DD patients reported more subjective EPS complaints. The total ESRS score was higher in the DD group than the SCZ group. More specifically, DD patients had more parkinsonian signs than SCZ patients. Similarly, DD patients were more frequently diagnosed with parkinsonism (table 1). Consistent with these results, PAS use (any PAS in the past week, in dollars) was positively correlated with subjective EPS (r = 0.573; p = 0.003), total EPS (r = 0.496; p = 0.014), parkinsonian signs (r = 0.449; p = 0.028), and global EPS (r = 0.472; p = 0.020) in the DD group.
Table 1 Extrapyramidal symptoms in dual diagnosis schizophrenia.
| Subjective | Total | Parkinsonism | Dystonia | Dyskinesia | Global | Akathisia | ||||||||||||||
|---|---|---|---|---|---|---|---|---|---|---|---|---|---|---|---|---|---|---|---|---|
| Mean | SD | Mean | SD | Mean | SD | Dx* | Mean | SD | Dx* | Mean | SD | Dx* | Mean | SD | Mean | SD | Dx* | |||
| (1) SCZ group (n = 17) | 1.6 | 1.4 | 2.9 | 2.6 | 1.9 | 2.4 | 4 | 0.2 | 0.6 | 0 | 0.8 | 1.1 | 0 | 4 | 1.0 | 0.3 | 0.7 | 0 | ||
| (2) DD group (n = 24) | 3.2 | 2.6 | 9.3 | 11.0 | 8.7 | 9.3 | 17 | 0.3 | 1.4 | 1 | 0.3 | 1.1 | 1 | 4.2 | 1.8 | 0.7 | 1.0 | 1 | ||
| (2a) Cocaine (n = 7) | 3.9 | 3.8 | 16.9 | 16.8 | 14.7 | 13.6 | 6 | 0.4 | 0.8 | 1 | 1.0 | 2.6 | 1 | 5.6 | 2.6 | 1.3 | 1.3 | 1 | ||
| F value (p value) | ||||||||||||||||||||
| 1 vs 2 | 4.687 (0.037) | 5.513 (0.024) | 8.657 (0.005) | 0.071 (0.791) | 2.417 (0.128) | 0.123 (0.727) | 2.050 (0.160) | |||||||||||||
| 1 vs 2a | 4.567 (0.044) | 11.79 (0.002) | 14.88 (0.001) | 0.464 (0.503) | 0.056 (0.815) | 4.835 (0.039) | 6.325 (0.020) | |||||||||||||
| χ2 (p value) | 8.912 (0.003) | 0.726 (0.394) | 0.726 (0.394) | 0.726 (0.394) | ||||||||||||||||
| 7.889 (0.005) | 2.534 (0.111) | 2.534 (0.111) | 2.534 (0.111) | |||||||||||||||||
The first three rows are as given in the subheadings (mean, SD or mean, SD and Dx), while the last four are the results of the relevant statistical tests with p value in brackets.
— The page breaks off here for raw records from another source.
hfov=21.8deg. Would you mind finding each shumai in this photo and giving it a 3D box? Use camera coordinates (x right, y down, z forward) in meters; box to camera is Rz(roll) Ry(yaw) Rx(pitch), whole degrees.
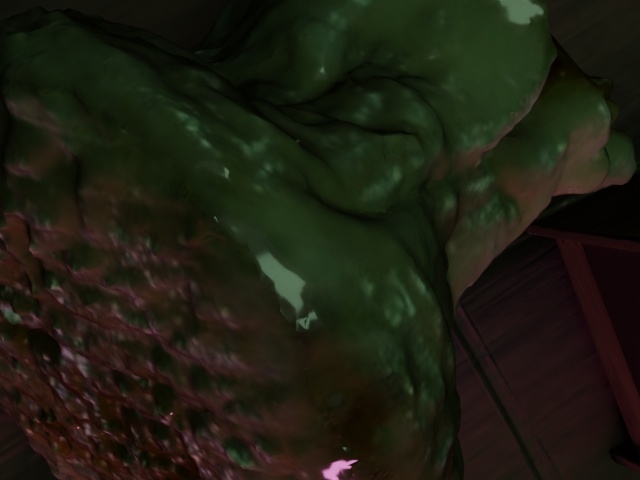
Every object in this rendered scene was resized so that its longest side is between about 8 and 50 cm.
[{"bbox_3d":[0.000,0.000,0.855,0.323,0.324,0.397,-44,143,-29],"label":"shumai"}]

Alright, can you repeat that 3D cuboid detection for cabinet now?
[{"bbox_3d":[0.250,0.042,0.971,0.148,0.215,0.174,-25,100,-14],"label":"cabinet"}]
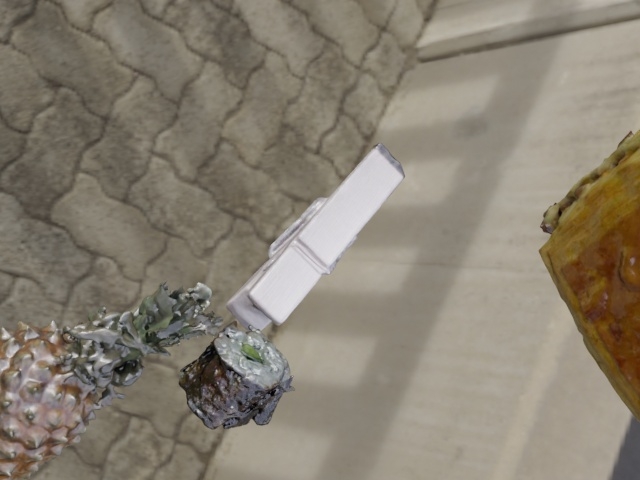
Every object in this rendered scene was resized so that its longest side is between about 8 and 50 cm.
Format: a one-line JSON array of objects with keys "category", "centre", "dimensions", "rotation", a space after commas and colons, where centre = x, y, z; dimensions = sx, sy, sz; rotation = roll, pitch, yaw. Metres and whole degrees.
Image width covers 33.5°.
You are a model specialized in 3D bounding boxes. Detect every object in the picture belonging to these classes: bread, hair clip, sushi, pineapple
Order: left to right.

DD, dual diagnosis group; Dx, number of patients diagnosed with an EPS; ESRS, Extrapyramidal Symptoms Rating Scale; SCZ, schizophrenia only group; *Diagnoses established based on cutoff scores as defined by Chouinard and Margolese.16
A subanalysis was performed on cocaine (n = 7), as it has the worst consequences in schizophrenia.8 Relative to the SCZ group, patients misusing cocaine had more EPS complaints, more total and global EPS, and increased parkinsonian signs, parkinsonism diagnoses, and signs of akathisia.
DISCUSSION
This cross sectional study sought to investigate the effects of PAS on EPS in schizophrenia. DD patients subjectively complained of more EPS. Objectively, the total ESRS score was higher in the DD group relative to the SCZ group. More specifically, DD patients displayed more parkinsonian signs and more parkinsonism diagnoses than SCZ patients. It is noteworthy that PAS use (any PAS) was positively correlated with subjective EPS, parkinsonian signs, and total and global EPS in the DD group. Also of interest was the fact that no patients in either group suffered from tardive dystonia or tardive dyskinesia. Dystonic and dyskinetic reactions were all acute. This result contrasts with the previous literature on the topic.9,12
Compared with abstinent patients, DD patients displayed greater EPS (especially parkinsonian signs). This result suggests that PAS may exert a detrimental impact on parkinsonian signs in schizophrenia patients. However, the cross sectional design of the study does not allow exclusion of the reverse explanation, namely, that schizophrenia patients may use PAS to get relief from their parkinsonian signs (self medication hypothesis).18 More signs of akathisia were observed in cocaine misusers. Thus, cocaine may worsen akathisia in schizophrenia. This result is consistent with the pharmacology of cocaine, which blocks the dopamine and norepinephrine transporters in the motor pathways.5 However, it must be considered that cocaine misusers were also misusing either alcohol or cannabis. Thus, the increased signs of akathisia in this group of misusers could be related to multi‐substance misuse, not cocaine misuse per se.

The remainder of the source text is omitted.